Hyperparameter Optimization (HPO) aims at finding a well-performing hyperparameter configuration of a given machine learning model on a dataset at hand, including the machine learning model, its hyperparameters and other data processing steps. Thus, HPO frees the human expert from a tedious and error-prone hyperparameter tuning process.
The loss landscape of a HPO problem is typically unknown (e.g., we need to solve a black-box function) and expensive to evaluate. Bayesian Optimization (BO) is designed as a global optimization strategy for expensive black-box functions. BO first estimates the shape of the target loss landscape with a surrogate model and then suggests the configuration to be evaluated in the next iteration. By trading off exploitation and exploration based on the surrogate model, it is well known for its sample efficiency.
- SMAC is a versatile tool for optimizing algorithm hyperparameters, implementing different surrogate models, acquisition functions and model transformations.
- BOHB implements a variant of TPE as a BO approach.
Combined Algorithms Selection and Hyperparameter Optimization (CASH)
An AutoML system needs to select not only the optimal hyperparameter configuration of a given model, but also which model to be used. This problem can be regarded as a single HPO problem with a hierarchy configuration space, where the top-level hyperparameter decides which algorithm to choose and all other hyperparameters depend on this one. To deal with such complex and structured configuration spaces, we apply for example random forests as surrogate models in Bayesian Optimization.
- Auto-sklearn provides out-of-the-box supervised machine learning by modelling the search space as a CASH problem.
- Auto-Pytorch is a framework for automatically searching neural network architecture and its hyperparameters and also makes use of a structured configuration space.
- SMAC implements a random forest as a surrogate model which can efficiently deal with structured search spaces.
The increasing data size and model complexity makes it even harder to find a reasonable configuration within a limited computational or time budget. Multi-Fidelity techniques in general approximate the true value of an expensive blackbox function with a cheap (maybe noisy) evaluation proxy and thus, increase the efficiency of HPO approaches substantially. For example, we can use a small subset of the dataset or train a DNN for only a few epochs.

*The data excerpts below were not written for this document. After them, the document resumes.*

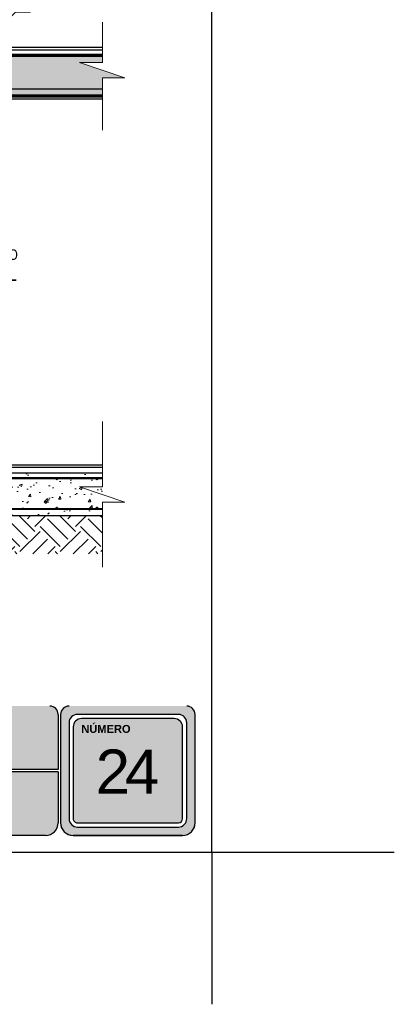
# Model space of a CAD drawing. Header units: millimetres. Extents: x 0 to 30, y 0 to 35.5.
# Tile 1 of 2: x 21 to 30, y 0 to 23.6. Entities that reach past the tile are written whole.
import ezdxf

# ---------------------------------------------------------------- set-up
doc = ezdxf.new("R2010")
doc.units = ezdxf.units.MM
doc.linetypes.add('CONTINUA', pattern=[0])
doc.linetypes.add('DASHED2', pattern=[9.524999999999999, 6.35, -3.175])
for name, color, linetype, lineweight in [('hatch', 252, 'Continuous', 0), ('LAMINA ACCESORIOS', 1, 'Continuous', 30), ('TEXTO', 7, 'DASHED2', 0), ('TEXTO CUADRO DATOS', 251, 'Continuous', 0)]:
    doc.layers.add(name, color=color, linetype=linetype, lineweight=lineweight)
doc.styles.add('Erika', font='techl___.ttf', dxfattribs={"height": 0.25})
doc.styles.get("Standard").update_dxf_attribs({"font": 'arial.ttf'})
doc.dimstyles.new('Erika', dxfattribs={"dimtxt": 0.25, "dimasz": 0.8, "dimexe": 0.5, "dimexo": 0.5, "dimgap": 0, "dimtad": 0, "dimlfac": 0.1, "dimzin": 1, "dimdsep": 46, "dimtxsty": 'Erika', "dimblk": 'DOTSMALL', "dimcen": 2.5, "dimse1": 1, "dimse2": 1, "dimclrd": 252, "dimclre": 252, "dimclrt": 256, "dimadec": 0, "dimazin": 0, "dimtfac": 1, "dimtmove": 0, "dimatfit": 3, "dimldrblk": 'DOTSMALL', "dimfxl": 1, "dimlwd": 0, "dimlwe": 0, "dimarcsym": 0})

# ---------------------------------------------------------------- blocks, each defined once
blk = doc.blocks.new('_DotSmall')
at = {"color": 0, "linetype": 'ByBlock', "const_width": 0.5}
blk.add_lwpolyline([(-0.0625, 0, 1), (0.0625, 0, 1)], format="xyb", close=True, dxfattribs=at)

msp = doc.modelspace()

# ---------------------------------------------------------------- hatches: boundary and pattern name
at = {"true_color": 0xb3b3b3}
h = msp.add_hatch(color=253, dxfattribs=at)
h.paths.add_polyline_path([(22.16884425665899, 7.152734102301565, 0.4142135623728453), (21.96884425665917, 6.952734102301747), (21.96884425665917, 4.352734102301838, 0.4142135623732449), (22.26884425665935, 4.052734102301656), (24.88824155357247, 4.052734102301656, 0.4142135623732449), (25.18824155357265, 4.352734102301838), (25.18824155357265, 6.952734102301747, 0.4142135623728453), (24.98824155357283, 7.152734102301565)])
h.paths.add_polyline_path([(24.98824155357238, 6.752734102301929), (24.98824155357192, 4.452734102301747, -0.4142135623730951), (24.78824155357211, 4.252734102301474), (22.36884425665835, 4.252734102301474, -0.4142135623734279), (22.16884425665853, 4.452734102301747), (22.1688442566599, 6.752734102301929, -0.4142135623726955), (22.36884425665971, 6.952734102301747), (24.78824155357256, 6.952734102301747, -0.4142135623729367)], flags=16)
h.paths.add_polyline_path([(24.88824155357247, 6.652734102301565), (24.88824155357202, 4.452734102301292, -0.4142135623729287), (24.78824155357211, 4.352734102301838), (22.36884425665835, 4.352734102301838, -0.4142135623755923), (22.26884425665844, 4.452734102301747), (22.2688442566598, 6.652734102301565, -0.4142135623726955), (22.46884425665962, 6.852734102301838), (24.68824155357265, 6.852734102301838, -0.4142135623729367)], flags=0)
h.paths.add_polyline_path([(22.8731947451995, 6.559394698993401), (24.17571861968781, 6.559394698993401), (24.17571861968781, 4.303255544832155), (22.8731947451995, 4.303255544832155)], flags=8)
h.paths.add_polyline_path([(22.41662033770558, 8.338164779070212), (23.66095185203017, 8.338164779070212), (23.66095185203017, 8.046684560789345), (22.41662033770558, 8.046684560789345)], flags=9)
h = msp.add_hatch(color=253, dxfattribs=at)
h.paths.add_polyline_path([(18.55788486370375, 5.632734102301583), (18.55788486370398, 7.15273410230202), (15.26692547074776, 7.152734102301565), (15.26692547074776, 5.632734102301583)])
h.paths.add_polyline_path([(18.55788486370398, 5.572734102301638), (15.26692547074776, 5.572734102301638), (15.26692547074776, 4.052734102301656), (18.55788486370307, 4.052734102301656)])
h.paths.add_polyline_path([(18.61788486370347, 5.572734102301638), (18.61788486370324, 4.052734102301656), (21.60884425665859, 4.052734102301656, 0.4142135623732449), (21.90884425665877, 4.352734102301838), (21.9088442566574, 5.572734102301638)])
h.paths.add_polyline_path([(18.61788486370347, 7.152734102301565), (18.61788486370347, 5.632734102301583), (21.9088442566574, 5.632734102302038), (21.90884425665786, 6.952734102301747, 0.414213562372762), (21.70884425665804, 7.152734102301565)])
at = {"layer": 'hatch'}
h = msp.add_hatch(dxfattribs=at)
h.set_pattern_fill('HONEY', color=256, scale=0.5)
h.set_pattern_definition([(0, (-603.8786858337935, -2674.288371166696), (0.09375, 0.05412658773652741), [0.0625, -0.125]), (120, (-603.8786858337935, -2674.288371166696), (-0.09374999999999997, 0.05412658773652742), [0.06249999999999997, -0.1249999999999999]), (59.99999999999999, (-603.8786858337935, -2674.288371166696), (2.081668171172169e-17, 0.1082531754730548), [-0.125, 0.06249999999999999])])
h.paths.add_polyline_path([(8.964868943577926, 19.70178581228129), (8.633092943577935, 19.70178581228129), (8.633092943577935, 17.63009362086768), (8.964868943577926, 17.63009362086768)])
h.paths.add_polyline_path([(8.964868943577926, 16.61293545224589), (8.633092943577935, 16.61293545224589), (8.633092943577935, 15.16189194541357), (8.964868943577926, 15.16189194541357)])
h.paths.add_polyline_path([(8.964868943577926, 15.14530314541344), (8.633092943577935, 15.14530314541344), (8.633092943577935, 14.44304394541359), (8.964868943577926, 14.44304394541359)])
h.paths.add_polyline_path([(8.964868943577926, 14.42645514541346), (8.633092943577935, 14.42645514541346), (8.633092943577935, 13.72419594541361), (8.964868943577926, 13.72419594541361)])
h.paths.add_polyline_path([(8.964868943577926, 13.70760714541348), (8.633092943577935, 13.70760714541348), (8.633092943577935, 13.00534794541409), (8.964868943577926, 13.00534794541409)])
h.paths.add_polyline_path([(8.964868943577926, 12.9887591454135), (8.633092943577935, 12.9887591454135), (8.633092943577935, 12.75102546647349), (8.964868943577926, 12.75102546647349)])
h.paths.add_polyline_path([(11.40041712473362, 16.99795052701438), (9.19987694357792, 16.99795052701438), (9.19987694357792, 16.89859052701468), (11.40041712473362, 16.89859052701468)])
h.paths.add_polyline_path([(12.31027694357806, 17.63009362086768), (11.40041712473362, 17.63009362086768), (11.40041712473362, 17.55067702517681), (19.06648770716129, 12.92365585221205), (19.06648770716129, 13.5390376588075), (18.0988077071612, 13.5390376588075), (18.0988077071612, 14.12310165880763), (17.14867694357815, 14.12310165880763), (17.14867694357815, 14.70977362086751), (16.18099694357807, 14.70977362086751), (16.18099694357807, 15.29383762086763), (15.21331694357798, 15.29383762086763), (15.21331694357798, 15.87790162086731), (14.24563694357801, 15.87790162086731), (14.24563694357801, 16.46196562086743), (13.27795694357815, 16.46196562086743), (13.27795694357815, 17.04602962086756), (12.31027694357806, 17.04602962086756)])
h.paths.add_polyline_path([(11.40041712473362, 16.98968728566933), (11.40041712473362, 16.89859052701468), (11.40041712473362, 16.88383340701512), (18.24767288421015, 12.75102546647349), (18.42305209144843, 12.75102546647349)])
h.paths.add_polyline_path([(22.97072507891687, 21.81257502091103), (22.97072507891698, 21.95710783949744), (19.44576806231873, 21.95710783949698), (19.44576806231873, 21.81257502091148)])
h.paths.add_polyline_path([(23.45705326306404, 22.24296998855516), (22.42018203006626, 22.59329497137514), (22.97072507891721, 22.59329497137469), (22.97072507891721, 22.74071950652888), (20.80425171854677, 22.74071950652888), (20.2080511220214, 22.3808698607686), (20.2080511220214, 21.95710783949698), (22.97072507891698, 21.95710783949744), (22.97072507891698, 22.22541444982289), (23.45705326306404, 22.22541444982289)])
h = msp.add_hatch(dxfattribs=at)
h.set_pattern_fill('EARTH', color=256, scale=0.108, angle=45, style=0)
h.set_pattern_definition([(44.99999999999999, (4.864951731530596, -2.11411939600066), (1.023181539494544e-16, 0.9698676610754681), [0.6857999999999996, -0.6857999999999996]), (44.99999999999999, (4.683101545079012, -1.932269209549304), (1.023181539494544e-16, 0.9698676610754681), [0.6857999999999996, -0.6857999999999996]), (44.99999999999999, (4.501251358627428, -1.750419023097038), (1.023181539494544e-16, 0.9698676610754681), [0.6857999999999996, -0.6857999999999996]), (135, (4.501251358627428, -1.629185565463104), (-0.9698676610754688, 1.023181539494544e-16), [0.6857999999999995, -0.6857999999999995]), (135, (4.683101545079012, -1.447335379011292), (-0.9698676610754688, 1.023181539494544e-16), [0.6857999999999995, -0.6857999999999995]), (135, (4.864951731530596, -1.265485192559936), (-0.9698676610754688, 1.023181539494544e-16), [0.6857999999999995, -0.6857999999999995])])
h.paths.add_polyline_path([(21.53830683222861, 11.72553897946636), (21.54034724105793, 11.72349857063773), (21.54067353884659, 11.72553897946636)], flags=16)
h.paths.add_polyline_path([(10.8941176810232, 10.80730837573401), (22.97072507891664, 10.80730837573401), (22.97072507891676, 11.72553897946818), (10.97180108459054, 11.72553897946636)])
h.paths.add_polyline_path([(6.458151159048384, 10.8073083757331), (10.89787009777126, 10.80730837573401), (10.95847720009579, 11.72553897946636), (7.209220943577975, 11.72553897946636), (7.209220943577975, 12.74133023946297), (7.194263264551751, 12.75102546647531), (6.458151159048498, 12.75102546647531), (6.458151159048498, 12.41664039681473), (5.90760811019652, 12.41664039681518), (6.996439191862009, 12.04875987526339), (6.458151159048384, 12.04875987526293)])
h = msp.add_hatch(dxfattribs=at)
h.set_pattern_fill('AR-CONC', color=256, scale=0.1, style=0)
h.set_pattern_definition([(49.99999999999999, (-603.8786858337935, -2674.288371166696), (0.7172601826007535, -0.0627521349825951), [0.075, -0.825]), (355, (-603.8786858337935, -2674.288371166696), (-0.138751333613, 0.7521921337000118), [0.06, -0.66]), (100.45144446, (-603.8189141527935, -2674.293600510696), (0.578508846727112, 0.6894399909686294), [0.06374019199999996, -0.7011421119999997]), (46.18420000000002, (-603.8786858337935, -2674.088371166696), (1.067241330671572, -0.1655192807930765), [0.1125, -1.237499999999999]), (96.63563549, (-603.7897490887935, -2674.102164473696), (0.9346619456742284, 0.9741186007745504), [0.095610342, -1.05171376]), (351.1841639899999, (-603.8786858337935, -2674.088371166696), (0.9346619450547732, 0.9741186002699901), [0.09000000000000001, -0.990000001]), (21, (-603.7786858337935, -2674.138371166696), (0.5969070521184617, -0.4026188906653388), [0.07500000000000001, -0.8250000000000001]), (326.0000000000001, (-603.7786858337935, -2674.138371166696), (0.2433153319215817, 0.725150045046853), [0.05999999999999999, -0.6599999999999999]), (71.45144474, (-603.7289435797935, -2674.171922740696), (0.8402223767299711, 0.3225311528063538), [0.06374019, -0.7011421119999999]), (37.49999999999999, (-603.8786858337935, -2674.288371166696), (0.01215985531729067, 0.3328938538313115), [0, -0.6519999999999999, 0, -0.6699999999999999, 0, -0.6625]), (7.499999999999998, (-603.8786858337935, -2674.288371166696), (0.2630695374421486, 0.3944117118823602), [0, -0.382, 0, -0.637, 0, -0.2525]), (327.5, (-604.1016858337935, -2674.288371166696), (0.533822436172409, -0.02255487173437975), [0, -0.25, 0, -0.78, 0, -1.035]), (317.5, (-604.2016858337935, -2674.288371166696), (0.5831861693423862, 0.1001049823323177), [0, -0.325, 0, -0.5179999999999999, 0, -0.7349999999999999])])
h.paths.add_polyline_path([(7.209220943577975, 12.75102546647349), (7.209220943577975, 11.72553897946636), (22.79996545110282, 11.71995689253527), (23.12922969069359, 12.74544337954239)])

# ---------------------------------------------------------------- linework, layer by layer
for p, q in [((22.97072507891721, 22.95578962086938), (19.01491694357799, 22.95578962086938)), ((22.97072507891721, 22.88666962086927), (19.08403694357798, 22.88666962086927)), ((20.80425171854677, 22.74071950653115), (22.97072507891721, 22.74071950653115)), ((19.44576806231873, 21.95710783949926), (22.97072507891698, 21.95710783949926)), ((19.44576806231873, 21.8125750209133), (22.97072507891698, 21.8125750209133)), ((19.36424731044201, 21.71854162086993), (22.97072507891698, 21.71854162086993)), ((10.94546362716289, 11.72553897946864), (22.97072507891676, 11.72553897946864))]:
    msp.add_line(p, q)
at = {"linetype": 'CONTINUA'}
for p, q in [((19.13560770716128, 12.94009280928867), (22.97072507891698, 12.94009280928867)), ((19.13560770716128, 12.88479680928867), (22.97072507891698, 12.88479680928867)), ((11.19859593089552, 12.75102546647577), (22.97072507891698, 12.75102546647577))]:
    msp.add_line(p, q, dxfattribs=at)
at = {"color": 253, "true_color": 0xb3b3b3}
for p, q in [((21.90884425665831, 6.952734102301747), (21.90884425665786, 5.632734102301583)), ((21.96884425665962, 6.952734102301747), (21.96884425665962, 4.352734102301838)), ((24.78824155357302, 6.952734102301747), (22.36884425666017, 6.952734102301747)), ((24.68824155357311, 6.852734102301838), (22.46884425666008, 6.852734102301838)), ((25.18824155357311, 4.352734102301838), (25.18824155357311, 6.952734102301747)), ((22.16884425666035, 6.752734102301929), (22.16884425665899, 4.452734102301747)), ((22.26884425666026, 6.652734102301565), (22.26884425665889, 4.452734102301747)), ((24.88824155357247, 4.452734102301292), (24.88824155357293, 6.652734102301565)), ((24.98824155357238, 4.452734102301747), (24.98824155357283, 6.752734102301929)), ((21.90884425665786, 5.632734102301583), (18.61788486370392, 5.632734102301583)), ((21.90884425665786, 5.572734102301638), (18.61788486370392, 5.572734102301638)), ((21.90884425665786, 5.572734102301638), (21.90884425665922, 4.352734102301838)), ((22.3688442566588, 4.352734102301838), (24.78824155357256, 4.352734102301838)), ((22.3688442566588, 4.252734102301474), (24.78824155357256, 4.252734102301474)), ((21.60884425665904, 4.052734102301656), (18.61788486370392, 4.052734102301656)), ((24.88824155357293, 4.052734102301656), (22.2688442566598, 4.052734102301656)), ((22.2688442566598, 4.052734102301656), (24.88824155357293, 4.052734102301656))]:
    msp.add_line(p, q, dxfattribs=at)
at = {"color": 254, "true_color": 0xe3e3e3}
for q in [(25.5882415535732, 2.514710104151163e-06), (29.95815850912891, 3.652734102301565), (25.5882415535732, 2.514710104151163e-06)]:
    msp.add_line((25.5882415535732, 3.652734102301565), q, dxfattribs=at)
msp.add_lwpolyline([(3.998241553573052, 3.652734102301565), (25.5882415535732, 3.652734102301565), (25.5882415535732, 31.59273410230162), (3.998241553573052, 31.59273410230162)], close=True, dxfattribs=at)
at = {"color": 253, "true_color": 0xb3b3b3}
for centre, radius, start, end in [((21.70884425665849, 6.952734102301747), 0.2, 2.605510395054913e-11, 90), ((22.16884425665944, 6.952734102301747), 0.2, 90, 180), ((24.98824155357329, 6.952734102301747), 0.2, 0, 90), ((22.36884425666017, 6.752734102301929), 0.2, 90, 179.9999999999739), ((22.46884425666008, 6.652734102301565), 0.2, 90, 179.9999999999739), ((24.68824155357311, 6.65273410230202), 0.2, 0, 90), ((24.78824155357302, 6.752734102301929), 0.2, 0, 90), ((21.60884425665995, 4.352734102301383), 0.3, 269.9999999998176, 7.816531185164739e-11), ((22.26884425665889, 4.352734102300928), 0.3, 179.9999999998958, 270.0000000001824), ((22.2688442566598, 4.352734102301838), 0.3000000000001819, 180, 270), ((22.3688442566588, 4.452734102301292), 0.1999999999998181, 179.9999999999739, 270), ((22.36884425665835, 4.452734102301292), 0.0999999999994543, 179.9999999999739, 270.0000000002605), ((24.78824155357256, 4.452734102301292), 0.1999999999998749, 270, 2.605510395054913e-11), ((24.78824155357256, 4.452734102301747), 0.09999999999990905, 270, 359.999999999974), ((24.88824155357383, 4.352734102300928), 0.3, 269.9999999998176, 1.042204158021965e-10), ((24.88824155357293, 4.352734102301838), 0.3000000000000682, 270, 0)]:
    msp.add_arc(centre, radius, start, end, dxfattribs=at)
at = {"layer": 'hatch', "linetype": 'ByBlock', "lineweight": 0}
for points in [[(22.97072507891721, 23.56198035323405), (22.97072507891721, 22.59329497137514), (22.42018203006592, 22.5932949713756), (23.50901311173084, 22.22541444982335), (22.97072507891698, 22.22541444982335), (22.97072507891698, 20.96520439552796)], [(22.97072507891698, 13.98131279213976), (22.97072507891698, 12.41664039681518), (22.42018203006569, 12.41664039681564), (23.50901311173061, 12.04875987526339), (22.97072507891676, 12.04875987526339), (22.97072507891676, 10.48408747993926)]]:
    msp.add_lwpolyline(points, dxfattribs=at)
at = {"layer": 'LAMINA ACCESORIOS'}
for p, q in [((19.28458417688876, 22.79457040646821), (21.73575941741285, 22.79457040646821)), ((20.09572328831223, 22.76484880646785), (21.73575941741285, 22.76484880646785)), ((21.06113500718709, 22.79121892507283), (22.97072507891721, 22.79121892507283)), ((21.06113500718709, 22.77380533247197), (21.06113500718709, 22.79121892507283)), ((21.06113500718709, 22.77380533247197), (22.97072507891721, 22.77380533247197)), ((21.73575941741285, 22.76484880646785), (21.73575941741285, 22.79457040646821)), ((19.44576806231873, 21.78645463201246), (22.97072507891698, 21.78645463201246)), ((19.44576806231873, 21.7690410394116), (22.97072507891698, 21.7690410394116)), ((11.16536261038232, 12.63704278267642), (22.97072507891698, 12.63704278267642)), ((20.15497172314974, 12.61630678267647), (22.97072507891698, 12.61630678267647)), ((11.03427197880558, 11.87454986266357), (22.97072507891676, 11.87454986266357)), ((11.0413766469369, 11.8966682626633), (22.97072507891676, 11.8966682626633))]:
    msp.add_line(p, q, dxfattribs=at)
for centre, radius in [((21.57848890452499, 22.7602746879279), 0.01106726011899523), ((22.15781333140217, 22.7602746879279), 0.01106726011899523), ((22.73568216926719, 22.7602746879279), 0.01106726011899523), ((21.00062006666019, 21.79854854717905), 0.01106726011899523), ((21.57848890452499, 21.79854854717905), 0.01106726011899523), ((22.15781333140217, 21.79854854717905), 0.01106726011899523), ((22.73713775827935, 21.79854854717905), 0.01106726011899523), ((21.87860443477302, 12.5972744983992), 0.01480175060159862), ((22.83914058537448, 12.5972744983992), 0.01480175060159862), ((21.87860443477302, 11.91147001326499), 0.01480175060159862), ((22.83914058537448, 11.91147001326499), 0.01480175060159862)]:
    msp.add_circle(centre, radius, dxfattribs=at)

# ---------------------------------------------------------------- texts
at = {"layer": 'TEXTO', "linetype": 'ByBlock', "lineweight": 0, "insert": (16.88738810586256, 18.10815710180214), "char_height": 0.3375, "attachment_point": 1, "style": 'Erika'}
msp.add_mtext('{\\H0.74074x;LA ARMADURA DE ACUERDO \\PAL CALCULO ESTRUCTURA}L', dxfattribs=at)
at = {"layer": 'TEXTO CUADRO DATOS', "attachment_point": 1}
for s, insert, char_height, width in [('{\\fArial|b1|i0|c0|p34;NÚMERO}', (22.46412033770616, 6.701613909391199), 0.19, 0.003231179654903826), ('\\pi-0.60062;{\\T0.75;24}', (23.40805074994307, 6.112181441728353), 1.060422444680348, 0.00456855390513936)]:
    msp.add_mtext(s, dxfattribs=dict(at, insert=insert, char_height=char_height, width=width))

# ---------------------------------------------------------------- leaders
at = {"layer": 'TEXTO', "linetype": 'ByBlock', "lineweight": 0}
msp.add_leader([(19.65011805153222, 22.54569953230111), (20.88725853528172, 23.79617420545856), (21.24889270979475, 23.79617420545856)], dimstyle='Erika', override={"dimgap": 0, "dimtad": 0}, dxfattribs=at)

doc.saveas('drawing.dxf')

- Auto-sklearn increased its efficiency in version 2.0 by using multi-fidelity optimization.
- Auto-Pytorch was designed as a multi-fidelity approach from the first moment and demonstrates how important it is for AutoDL.
- SMAC implements the approach of BOHB, by combining Hyperband as a multi-fidelity approach and Bayesian Optimization.
Evaluation of AutoML and especially of HPO facesmany challenges. For example, many repeated runs of HPO can be computationally expensive, the benchmarks can be fairly noisy, and it is often not clear which benchmarks are representative for typical HPO applications. Therefore, we develop HPO benchmark collections that improve reproducibility and decrease the computational burden on researchers.
- HPOBench (formerly HPOlib) is a benchmark collection for HPO benchmarks.
- ACLib is a benchmark collection for algorithm configuration
The book “AutoML: Methods, System, Challengers” provides a concise overview about HPO.